The MetricBase basic class defines the interface for a metric implementation. It consists of collect, set, reset and eval methods. The most basic implemented metric class is MetricWithCollectorBase. It implements a metric class with built in collector. A collector defines how to internally gather data from batches and which subset of data attributes (specified by keys) to collect for the metric evaluation. A default collector is implemented in the MetricCollector class. MetricWithCollectorBase has an optional pre_collect_process_func argument, using which the user can specify a custom preprocessing function that will operate per sample before the collector of the metric is applied.

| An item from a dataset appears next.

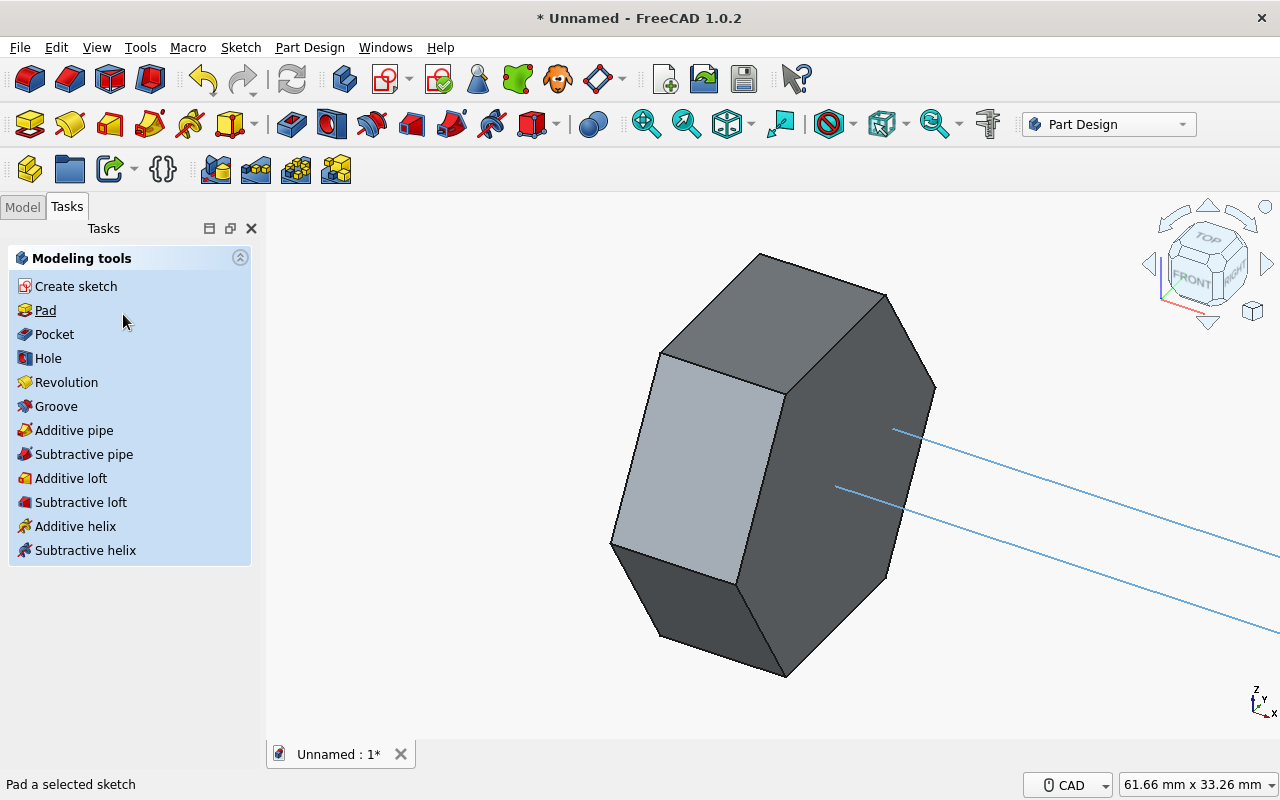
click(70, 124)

MetricDefault inherits from MetricWithCollectorBase and implements a generic metric which can get as input a list of predictions, targets and optionally additional parameters. MetricMultiClassDefault also inherits from MetricWithCollectorBase and is another generic metric implementation more focused on supporting multi-class metrics. Specific metrics, such as MetricAccuracy, MetricAUCROC and others, usually inherit from either MetricDefault or MetricMultiClassDefault, and so should typically new user implemented metrics.

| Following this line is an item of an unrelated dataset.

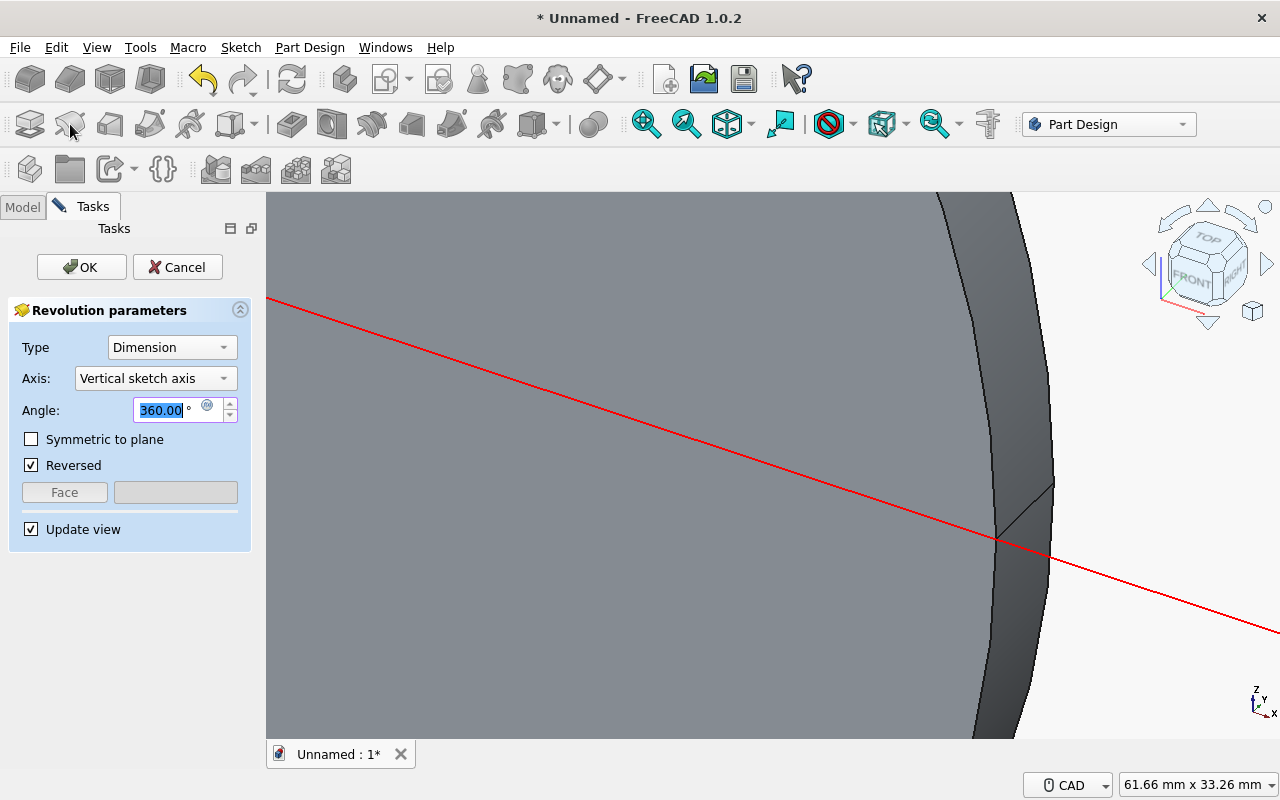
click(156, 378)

The diagram below illustrates fuse.eval's metric design: FuseMedML evaluation package metric design

In the general case, the input data will be divided into batches. The batches can arrive from a training loop over minibatches, or used in cases when the whole data is large and won't fit into memory at once (this could be the case for example if the data contains dense segmentation maps of many large medical volumes). The collector is used to collect from the original data only those fields that the user specifies. For example, while the original data could contain many different fields and attributes, for some given metric the desired keys to collect could just be "pred" and "target". Before the collector, a user can specify an optional "pre collect function", using the pre_collect_process_func argument of MetricWithCollectorBase. This function operates per sample, and can perform arbitrary processing on each sample. For example, it could be used to populate the data with some field that is missing or is not in the format expected by the metric. Or, it could be used to perform some calculation, for example we could compute the Dice score at the minibatch level, and then only collect the scores, for subsequent aggregation.